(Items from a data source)

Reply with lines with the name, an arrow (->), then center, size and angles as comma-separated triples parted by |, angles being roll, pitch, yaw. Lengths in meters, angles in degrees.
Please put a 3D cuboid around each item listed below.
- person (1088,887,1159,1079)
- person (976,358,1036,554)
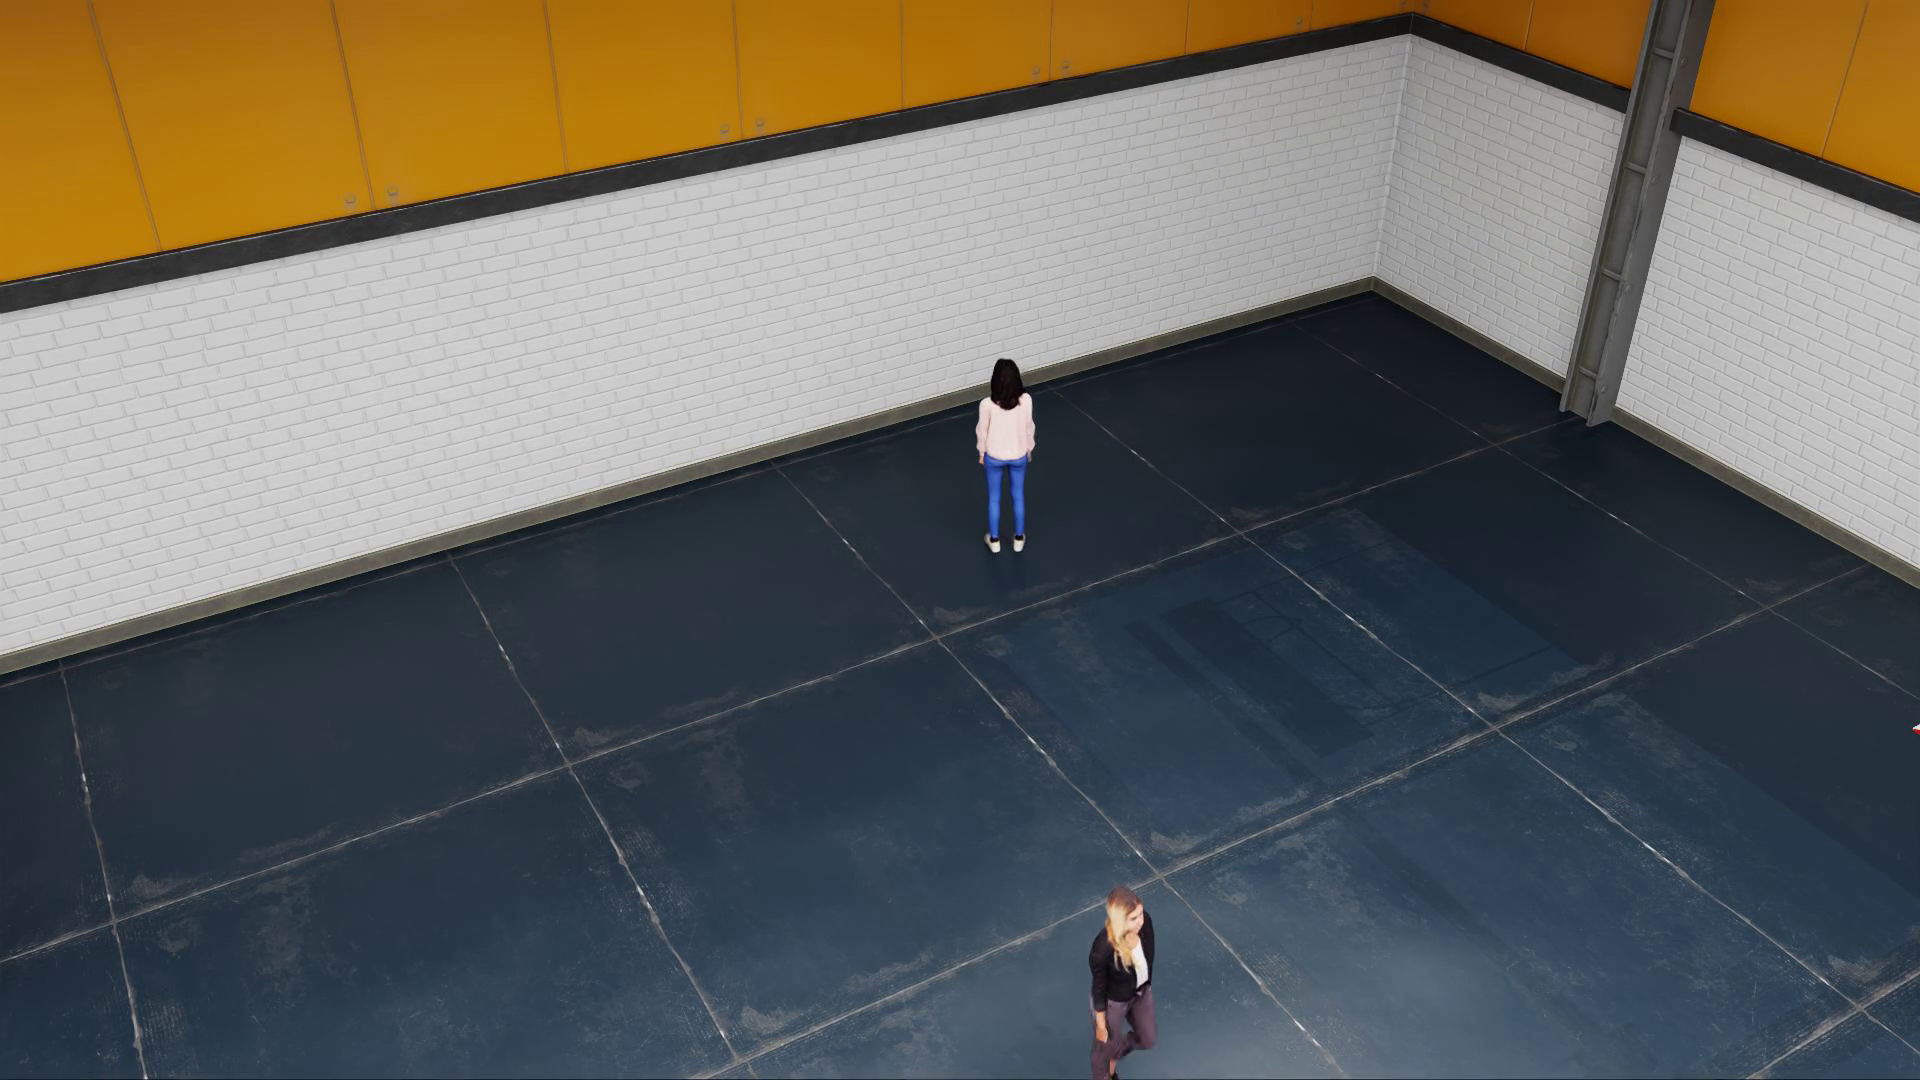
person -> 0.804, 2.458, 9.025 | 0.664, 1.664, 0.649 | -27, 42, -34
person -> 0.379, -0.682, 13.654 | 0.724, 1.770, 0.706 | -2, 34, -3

...

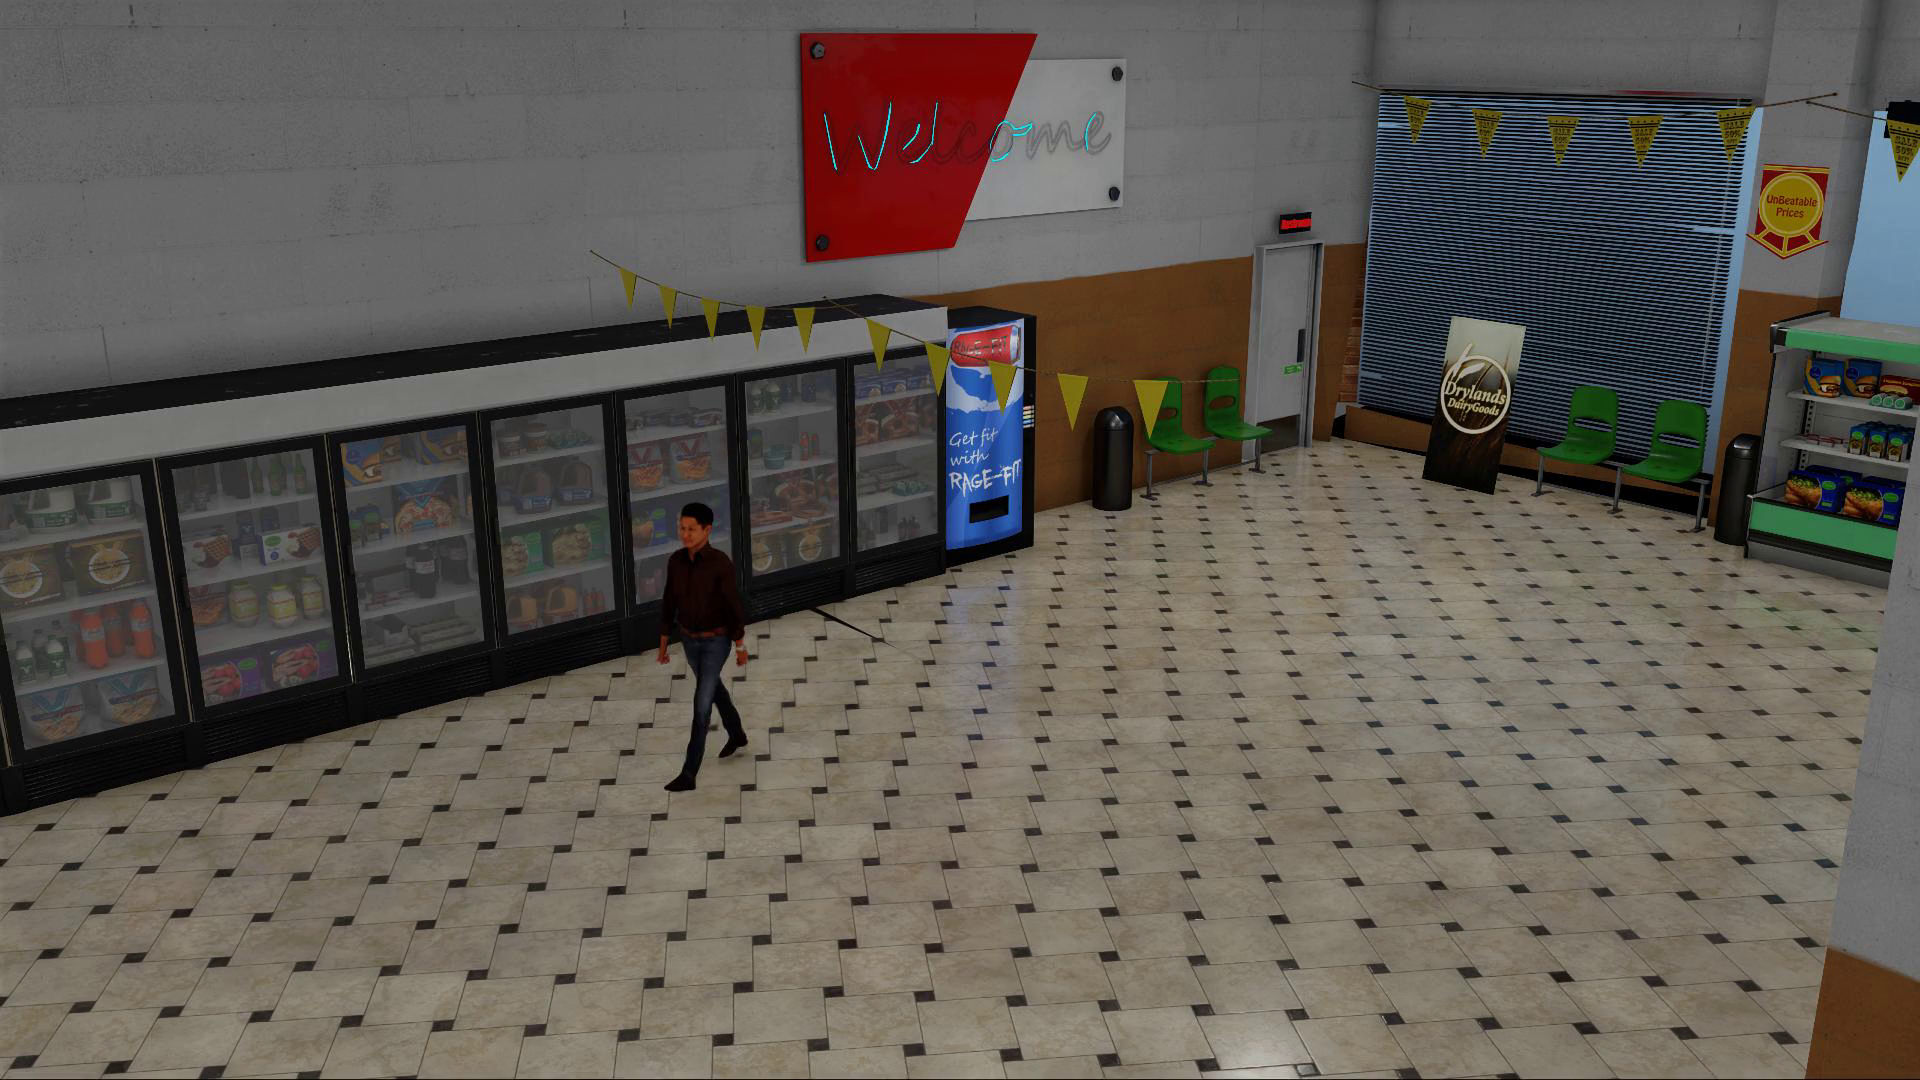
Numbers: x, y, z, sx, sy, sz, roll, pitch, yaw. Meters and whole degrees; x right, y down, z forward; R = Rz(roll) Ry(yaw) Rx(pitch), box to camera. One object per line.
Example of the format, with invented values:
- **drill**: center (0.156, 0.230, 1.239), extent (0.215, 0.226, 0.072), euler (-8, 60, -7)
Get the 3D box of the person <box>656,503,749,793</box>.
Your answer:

WORK ORDER. Look through the data above for the string "degrees" and copy every line where it appears.

COMPLETED TASK.
Reply with lines with the name, an arrow (->), then center, size and angles as comma-separated triples parted by |, angles being roll, pitch, yaw. Lengths in meters, angles in degrees.
Numbers: x, y, z, sx, sy, sz, roll, pitch, yaw. Meters and whole degrees; x right, y down, z forward; R = Rz(roll) Ry(yaw) Rx(pitch), box to camera. One object per line.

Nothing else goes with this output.